I feel as if on Friday all of that came back to me a bit. Like all the air I’d sucked out of the conversation came flooding back; like the arguments returned to me in full and vibrant colour. This was not something I could put aside, and maybe there was something in that I had to know. Here, when there was opportunity to see my way clear of the crap I’ve been enduring some feeling returned to me. The irony is that for all of this that I should hesitate.
I do hesitate though. It would be simple to agree to terms, take my share of the estate, and start to look toward my own life. It sounds good just writing it. I hold back though because something about it doesn’t feel right. It’s not about the money – we’re not talking sheep stations here. It’s about mum really, and about some sense of what is right.
Mum put her last wishes on paper, and while I think there is some room for compromise I still believe the spirit of mum’s will should be upheld. I can’t properly articulate it, but I feel that mum’s place is undervalued in such a deal. On top of that she was our mum, not theirs. She was my mum all my life, and while no amount of dollars can equate to that I still think it should be factored in to the final settlement. There’s a part of me, possibly the masculine competive part of me, that just wants to win – to have the final word as such.
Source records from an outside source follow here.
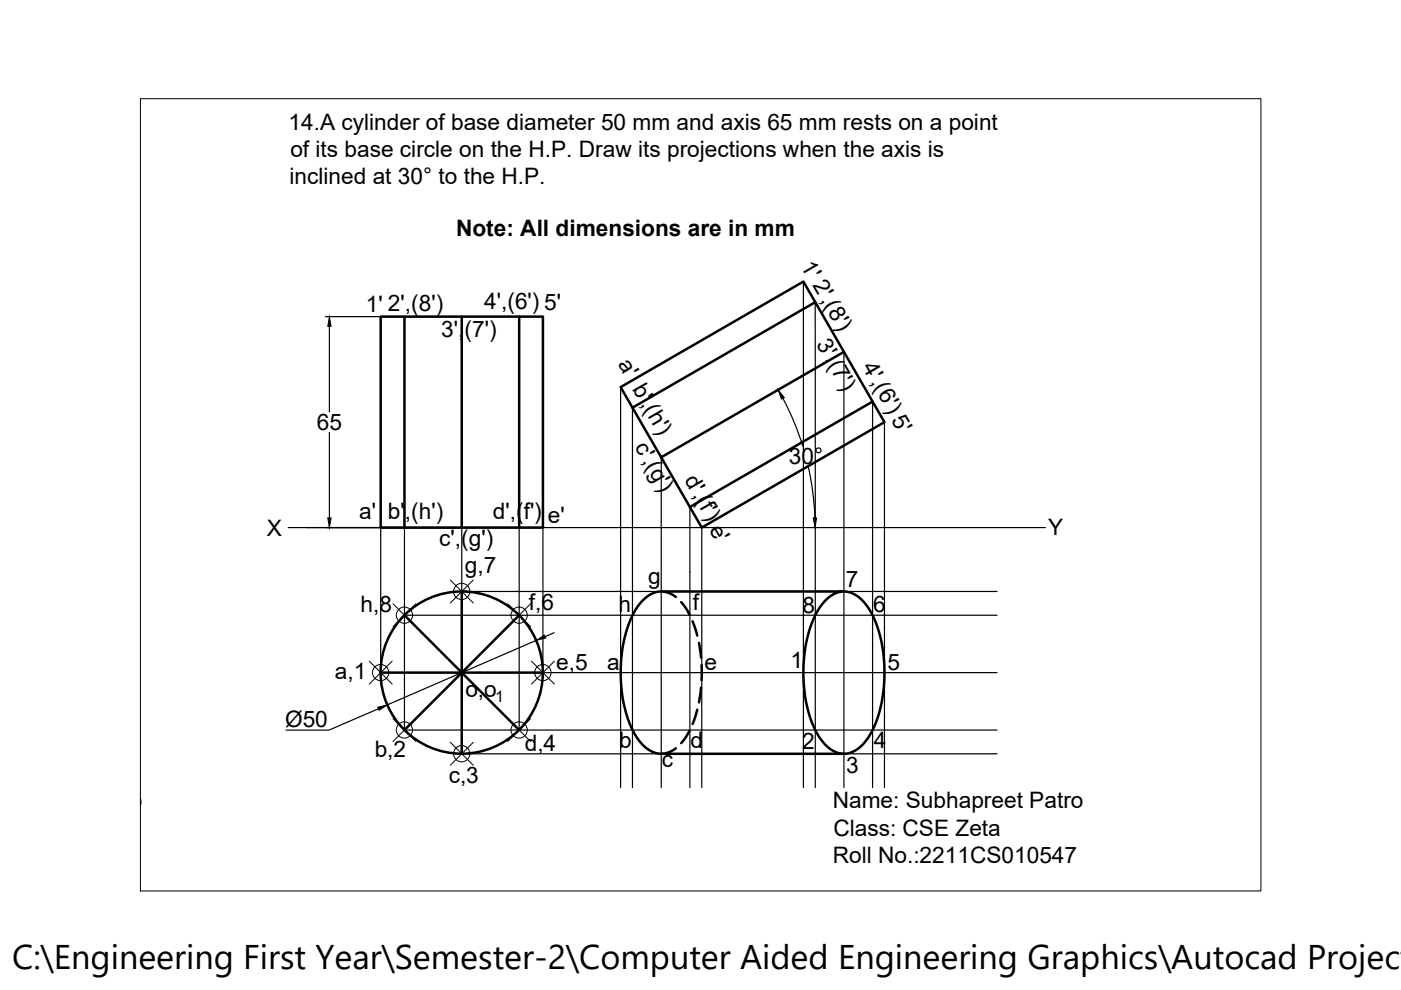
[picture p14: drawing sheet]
<svg xmlns="http://www.w3.org/2000/svg" width="297mm" height="210mm" viewBox="0 0 297 210" stroke-linecap="round" stroke-linejoin="round" font-family="sans-serif">
<defs><g id="words">
<text font-size="7.3" x="2.6" y="205.5">C:\Engineering First Year\Semester-2\Computer Aided Engineering Graphics\Autocad Project</text>
<g font-size="4.8">
<text x="61.2" y="27.5">14.A cylinder of base diameter 50 mm and axis 65 mm rests on a point</text>
<text x="61.6" y="33.3">of its base circle on the H.P. Draw its projections when the axis is</text>
<text x="61.4" y="39">inclined at 30° to the H.P.</text>
<text x="96.7" y="50">Note: All dimensions are in mm</text>
<text x="169.7" y="56.5" transform="rotate(60 169.7 56.5)">1' 2',(8')</text>
<text x="102.7" y="65.4">4',(6') 5'</text>
<text x="77.6" y="66.1">1' 2',(8')</text>
<text x="93.6" y="71.5">3',(7')</text>
<text x="130.9" y="77.2" transform="rotate(60 130.9 77.2)">a' b',(h')</text>
<text x="173" y="73" transform="rotate(60 173 73)">3',(7')</text>
<text x="182.8" y="77.9" transform="rotate(60 182.8 77.9)">4',(6') 5'</text>
<text x="67.2" y="91.2">65</text>
<text x="134.5" y="94.8" transform="rotate(60 134.5 94.8)">c',(g')</text>
<text x="145" y="101.8" transform="rotate(60 145 101.8)">d',(f') e'</text>
<text x="167.2" y="98.4">30°</text>
<text x="56.6" y="113.6">X</text>
<text x="76.1" y="110">a'</text>
<text x="82.3" y="110">b',(h')</text>
<text x="104.5" y="110.1">d',(f')</text>
<text x="116.2" y="110.9">e'</text>
<text x="222.2" y="113.4">Y</text>
<text x="93.1" y="115.7">c',(g')</text>
<text x="98.6" y="121.5">g,7</text>
<text x="137.4" y="123.8">g</text>
<text x="179.3" y="124.5">7</text>
<text x="76.4" y="129.7">h,8</text>
<text x="112.1" y="129.2">f,6</text>
<text x="131.1" y="129.8">h</text>
<text x="146.9" y="129.4">f</text>
<text x="170.1" y="130">8</text>
<text x="185.1" y="129.8">6</text>
<text x="71" y="144">a,1</text>
<text x="117.9" y="142">e,5</text>
<text x="128.7" y="142.1">a</text>
<text x="149.4" y="142">e</text>
<text x="167.6" y="141.7">1</text>
<text x="188.2" y="142.1">5</text>
<text x="98.7" y="147.8">o,o</text>
<text x="60.4" y="154.2">Ø50</text>
<text x="79.4" y="160.6">b,2</text>
<text x="111.3" y="159.2">d,4</text>
<text x="131.3" y="158.6">b</text>
<text x="146.4" y="158.7">d</text>
<text x="170.1" y="158.8">2</text>
<text x="185.3" y="158.5">4</text>
<text x="95.1" y="166">c,3</text>
<text x="140.3" y="162.6">c</text>
<text x="179.4" y="163.9">3</text>
<text x="1.1" y="171.3">hapreet Patro</text>
<text x="176.6" y="171.4">Name: Subhapreet Patro</text>
<text x="176.7" y="177.2">Class: CSE Zeta</text>
<text x="176.6" y="183">Roll No.:2211CS010547</text>
</g>
<text font-size="3.4" x="105" y="148.9">1</text>
</g></defs>
<!-- layer: 0 -->
<g fill="none" stroke="#000" stroke-width=".25">
<path d="M170.3 59.7v107.3M69 67.1h28.5M69.8 69.2v18.1M172.8 64.1l.1 102.9M178.9 74.6v92.4M69.8 91.7v18.1M131.6 82.1v84.9M134.1 86.4v80.6M140.2 97v70M166 84.4a58.4 58.4 0 0 1 4.2 10.1M171.4 98.9a58.4 58.4 0 0 1 1.4 10.9M185 85.1v81.9"/>
<path d="M187.5 89.5v77.5M61.1 111.9h160.5M64.9 111.9h50.2h-34.4v30.7M69 111.9h46.1v30.7h96.3M85.8 111.9v18.5M97.9 111.9v13.5h113.5M110.1 111.9v18.5h101.3M146.3 107.5v59.5M148.8 111.9v55.1M85.8 130.4h24.3v24.4h-24.3zM113.7 135.8l-31.6 13.7M117.5 134.1l-1.9 .9"/>
<path d="M80.2 150.3l-10.5 4.5h-9.1M97.9 159.8h113.5M110.1 154.8h101.3"/>
</g>
<g fill="none" stroke="#000" stroke-width=".53">
<path d="M85.8 67.1v44.8M97.9 67.1h-17.2v44.8h34.4v-44.8h-17.2v44.8M110.1 67.1v44.8M172.9 64.1l-38.8 22.3M178.9 74.6l-8.6-14.9-38.7 22.4 17.2 29.8 38.7-22.4-8.6-14.9-38.7 22.4M185 85.1l-38.7 22.4M85.8 130.4l12.1 12.2h17.2M97.9 125.4v34.4M110.1 130.4l-24.3 24.4M140.2 125.4a6.9 6.9 0 0 0-5.5 4 29.1 29.1 0 0 0-2.7 18.5 18.1 18.1 0 0 0 4.7 10.4 4.8 4.8 0 0 0 6.6 .4M140.2 125.4a5.1 5.1 0 0 1 3.1 1.2M140.2 125.4h38.7a6.9 6.9 0 0 1 5.6 4 29.3 29.3 0 0 1 2.6 18.5 17.9 17.9 0 0 1-4.7 10.4 5 5 0 0 1-7.5-.5 22 22 0 0 1-4.5-13.4 27 27 0 0 1 3.5-15.7 6.6 6.6 0 0 1 5-3.3"/>
<path d="M144.4 127.7l.9 1 .9 1.6M146.8 131.7l1 3.1M148.2 136.3l.4 3.1M80.7 142.6h17.2l12.2 12.2M140.2 159.8h38.7M146.2 154.9l-.9 1.6-.9 1.1M147.8 150.5l-1 3M148.6 145.8l-.4 3.1M148.7 141v3.2"/>
<circle cx="97.9" cy="142.6" r="17.2"/>
</g>
<g fill="none" stroke="#000" stroke-width=".21">
<path d="M29.8 20.9h237.5v168h-237.5zM83.3 128l4.9 4.9M88.2 128l-4.9 4.9M95.5 123l4.8 4.8M100.3 123l-4.8 4.8M107.6 128l4.9 4.9M112.5 128l-4.9 4.9M78.3 140.2l4.8 4.8M83.1 140.2l-4.8 4.8M83.3 152.4l4.9 4.8M88.2 152.4l-4.9 4.8M95.5 157.4l4.8 4.9"/>
<path d="M100.3 157.4l-4.8 4.9M107.6 152.4l4.9 4.8M112.5 152.4l-4.9 4.8M112.7 140.2l4.8 4.8M117.5 140.2l-4.8 4.8"/>
<circle cx="85.7" cy="130.4" r="1.73"/>
<circle cx="97.9" cy="125.4" r="1.73"/>
<circle cx="110.1" cy="130.4" r="1.73"/>
<circle cx="80.7" cy="142.6" r="1.73"/>
<circle cx="85.7" cy="154.8" r="1.73"/>
<circle cx="97.9" cy="159.8" r="1.73"/>
<circle cx="110.1" cy="154.8" r="1.73"/>
<circle cx="115.1" cy="142.6" r="1.73"/>
</g>
<path d="M69.8 67.1l.4 2.1h-.7zM165 82.6l1.3 1.7-.6 .3zM69.5 109.8h.7l-.4 2.1zM172.4 109.8h.7l-.3 2.1zM113.7 135.8l1.8-1.1 .2 .6zM80.1 150l2-.5-1.7 1.1z" fill="#000" stroke="#000" stroke-width=".21"/>
<use href="#words"/>
</svg>

Balanced against that are pragmatic realities. What is the value in taking it down legal channels where nobody wins? What cost is there in delaying the resolution of something for up to 2 years, even if we win? My sister is inclined to accept the offer – can I reasonably reject it? Who wins if it gets nasty – as inevitably it would? I’m confident that we would win if it went all the way, but at great expense financially, in time, and quite possibly in moral terms.
Where does this leave us then? What do you think?
It brings me back to the quote at the beginning of this post. I need the wisdom of Solomon to know what is right, but perhaps all I need do is to let something go.
As it stands right now I’m inclined to make a counter-offer and call their bluff. Time will tell.